The medicine itself was not dissimilar to GP, albeit through bars and via a translator. The risk of TB was much higher, dental caries were common, and wounds were often infected. Otherwise, we saw routine viral illnesses, dizziness, headaches and joint injuries as we would at home. Importantly, the aetiology of these presentations could be different. Were they injured as part of an arrest or within the cell? Have they got access to enough bottled water? Are they under a lot of stress with their legal situation? Have they had TB prior to this? Shabu (crystal meth) use was prevalent, so we learnt establish the onset of symptoms vs use of shabu.
It was good to think about equivalence of care. We performed urine dips and blood glucose monitoring, but extensive investigations were not always appropriate even if available. If the management would be the same there would be little point. Detainees were not usually allowed out the cells, but wounds could be dressed and knees could be assessed through bars without too much compromise!
It was amazing to hear about a lady helped by Integritas earlier in the year who is now being managed for breast cancer. It goes to show that more in depth medical cases could still be treated with the help of Integritas, despite their detainee status.
To add to the experience, we spent time with PREDA, and talked to Father Shay who founded the organisation. They play a vital role in helping abused women and children. Again, it was humbling to learn about the devastating impact of sex trafficking, the role of the US in this, and the now complicit society, and was a privilege to talk and play with some of the girls. It was also interesting to hear Father Shay talk about how a lot of the religion in the country is a facade, and how more often than not, is faith without action.

I did, however, have the opportunity to visit a jail with the Philippine Outreach Centre. They are church community who also look after abused children, and have a prison ministry.

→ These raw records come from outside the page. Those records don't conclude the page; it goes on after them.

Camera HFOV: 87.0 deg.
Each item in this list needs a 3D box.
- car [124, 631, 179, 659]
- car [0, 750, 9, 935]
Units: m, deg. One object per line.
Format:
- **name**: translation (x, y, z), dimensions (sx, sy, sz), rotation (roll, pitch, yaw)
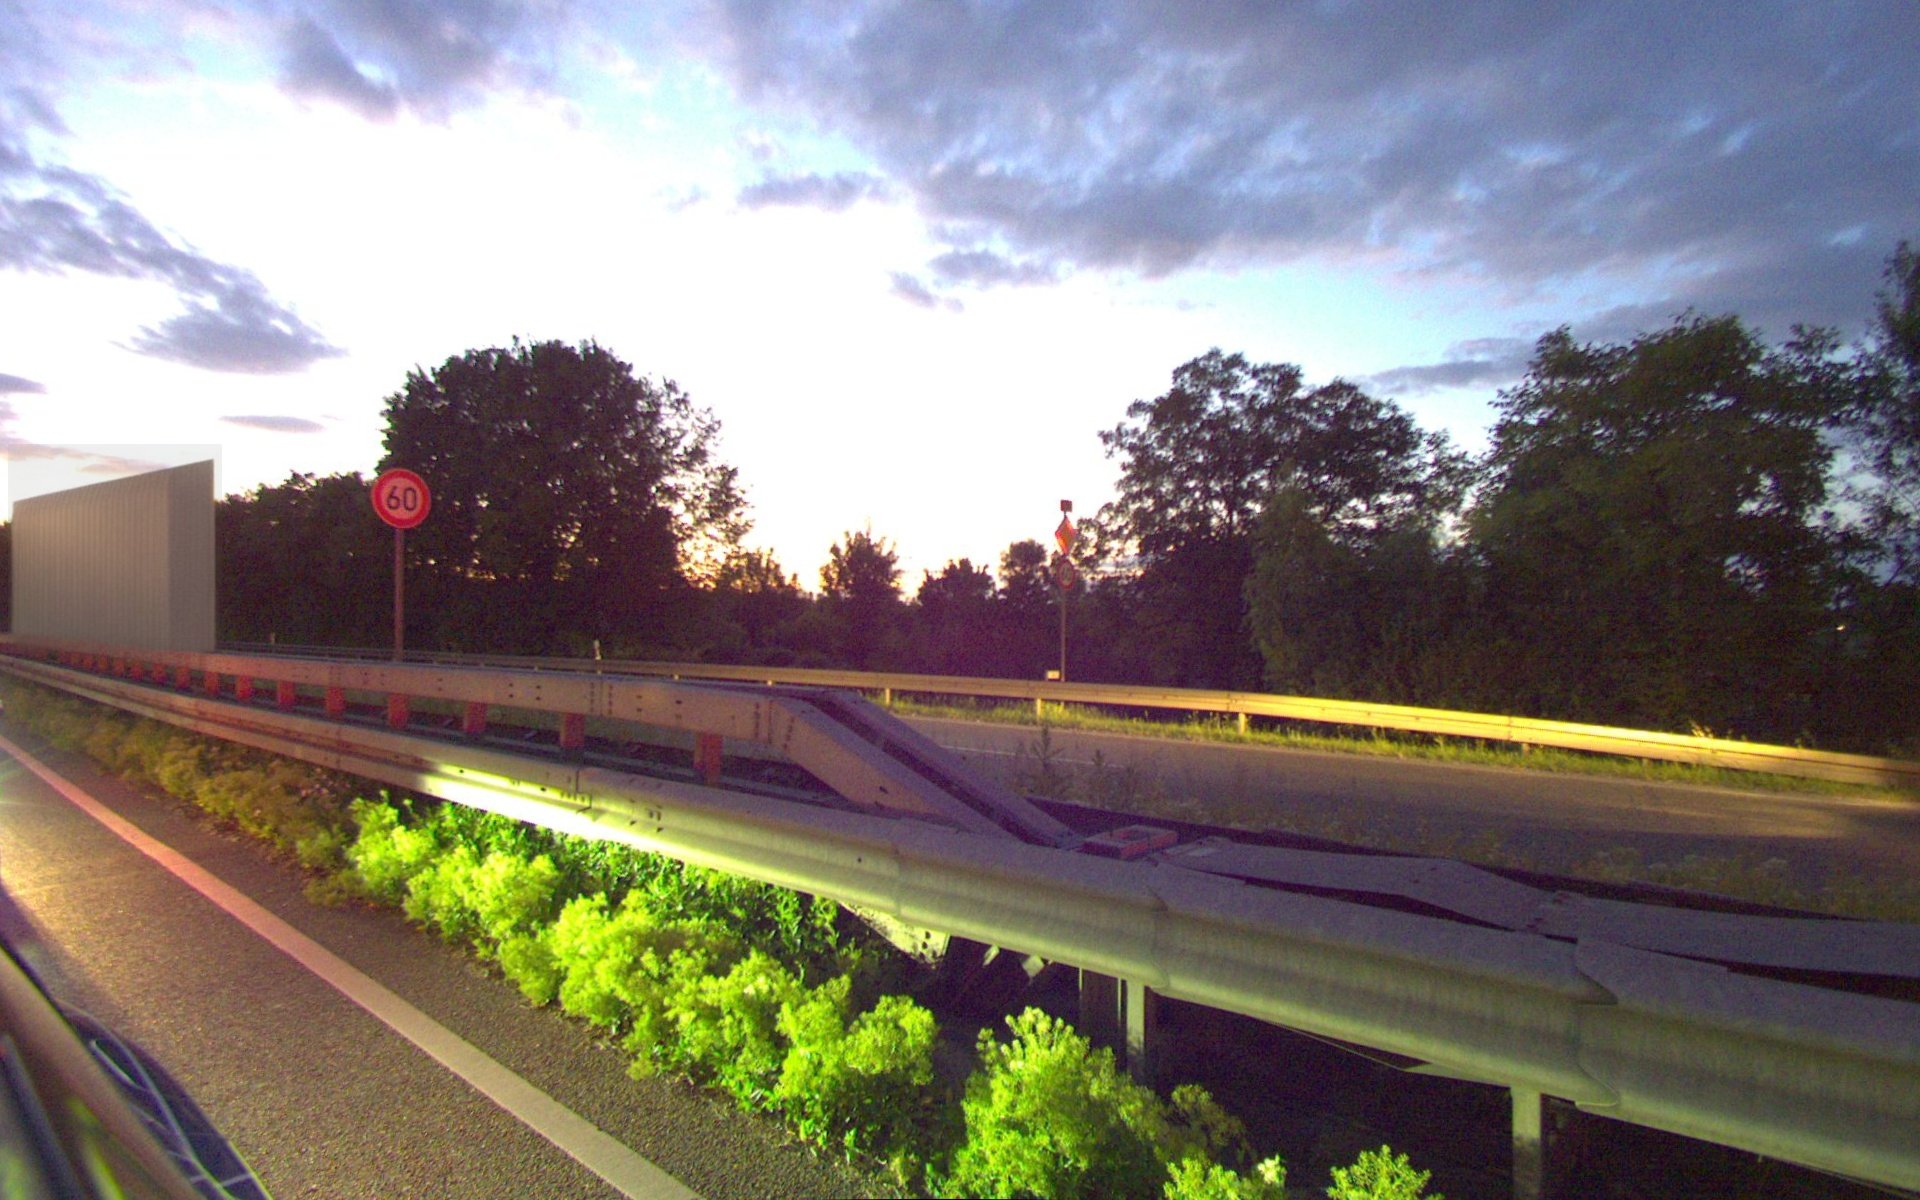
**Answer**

I had the honour of sharing my testimony to maybe 60 inmates, and joined in with their service.
Towards the end of our time, we visited both a government hospital (Rizal Medical Centre) and private high-end hospital (St Luke’s) in Manila. The government hospital was busy somewhat dilapidated, and was in fact battling a surge in sepsis cases due to poor cleanliness in one department. But I found it a comfortable and friendly environment. We also got to witness an unusual event where a very large sum of money was being gifted to the medical centre from another country. This involved many festivities and formalities, and I wouldn’t be surprised if we accidentally ended up in the news. In contrast, St Luke’s was vast, clean and undeniably posh. Whilst this is the case in many countries, I felt uncomfortable seeing the luxury of St Luke’s. The resident doctors working there took pride in the hospital, which was, unequivocally nicer. But for most Filipinos, it was not an option. I am very grateful for the NHS.
Overall, I am grateful to have learnt about a completely different culture, medicine through bars, taking leadership, the running of an NGO, and faith in action. It has left me wanting to get involved in so many areas of healthcare and faith, but of course, it is not possible to do everything. Wherever I end up, I will incorporate the integral mission and pursue justice for those I meet.